O pedido de ressarcimento destas despesas realizadas pelos municípios para combater a pandemia de covid-19 deveria ter ocorrido até ao final de julho, mas foi prorrogado até 31 de agosto, segundo uma resposta conjunta do Ministério da Modernização do Estado e da Administração Pública e do Ministério do Planeamento, enviada à agência Lusa.

Os municípios podem concorrer a um apoio do Fundo de Solidariedade da União Europeia (FSUE) - Emergência de Saúde Pública para serem compensados pelas despesas que realizaram no combate à covid-19, até ao montante máximo de 150 mil euros por autarquia.
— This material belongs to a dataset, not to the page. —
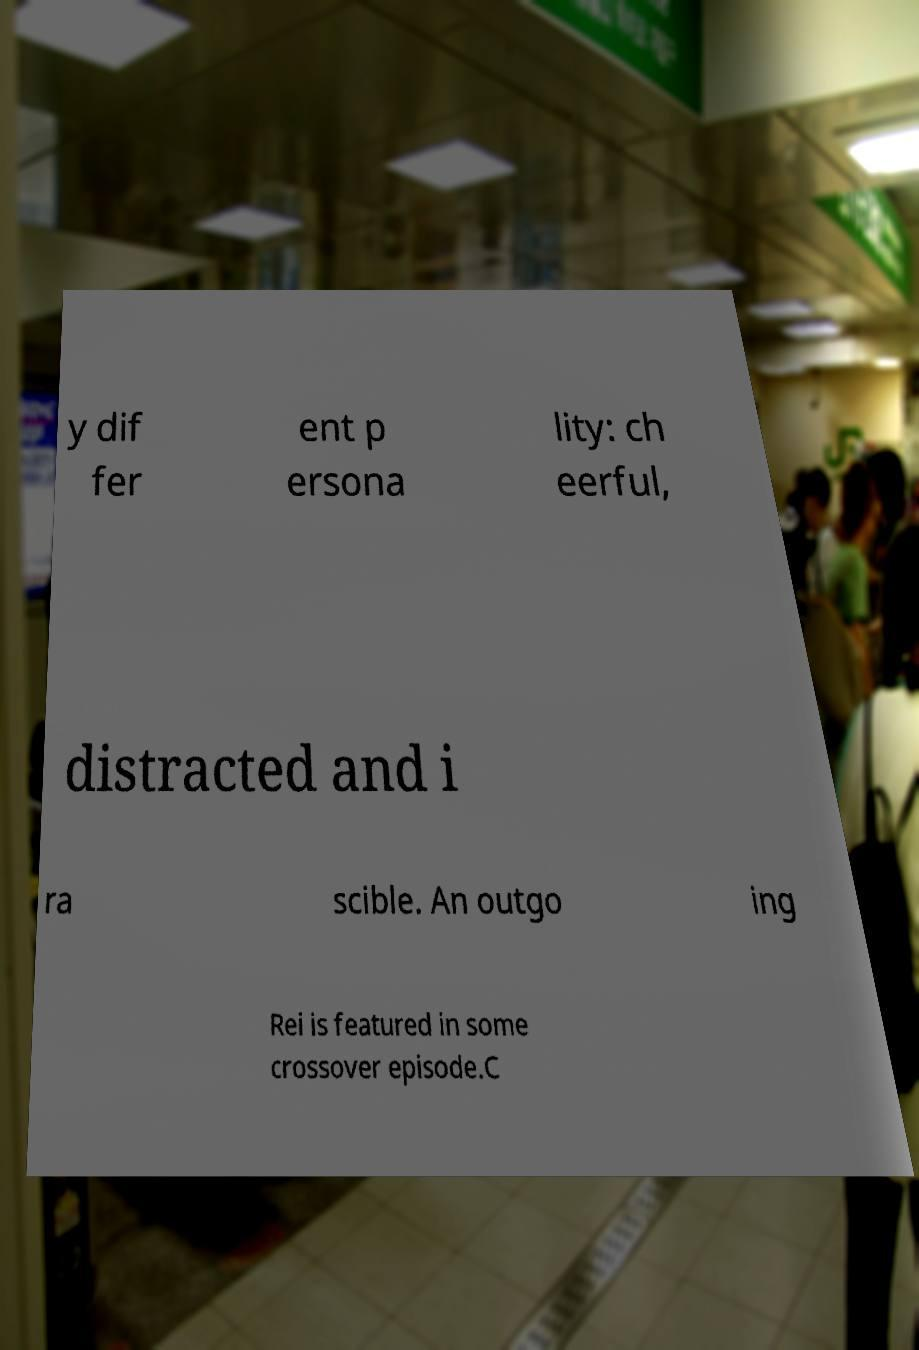Could you assist in decoding the text presented in this image and type it out clearly? y dif fer ent p ersona lity: ch eerful, distracted and i ra scible. An outgo ing Rei is featured in some crossover episode.C

O FSUE disponibilizou um total de 55 milhões de euros para Portugal.

Até ao final de agosto, estas autarquias vão poder submeter, através do Balcão 2020, as despesas realizadas entre 14 de março e 30 de setembro de 2020, no âmbito da "assistência imediata à população afetada", na "proteção da população de risco" ou no "combate aos riscos graves para a saúde pública ou atenuação do seu impacto".

Neste âmbito, são exemplos de despesas consideradas elegíveis a compra de equipamentos e dispositivos médicos, incluindo ventiladores, equipamentos de proteção individual, designadamente máscaras, luvas e batas, a instalação de hospitais de campanha e de outras infraestruturas de proteção civil e o recurso a análises laboratoriais e de outros meios de diagnóstico.

"O montante do apoio corresponde a 100% da despesa elegível até ao limite máximo de 150 mil euros por candidatura, ao qual poderá acrescer um montante remanescente, se houver, que será distribuído proporcionalmente pelos municípios com despesa superior a 150 mil euros", explicou o Governo, aquando do lançamento do concurso.

A pandemia de covid-19 provocou pelo menos 4.234.618 mortos em todo o mundo, entre mais de 198,8 milhões de casos de infeção pelo novo coronavírus, segundo o balanço mais recente da agência France-Presse.

Em Portugal, desde o início da pandemia, em março de 2020, morreram 17.378 pessoas e foram registados 972.127 casos de infeção, segundo a Direção-Geral da Saúde.

A doença respiratória é provocada pelo coronavírus SARS-CoV-2, detetado no final de 2019 em Wuhan, cidade do centro da China, e atualmente com variantes identificadas em países como o Reino Unido, Índia, África do Sul, Brasil e Peru.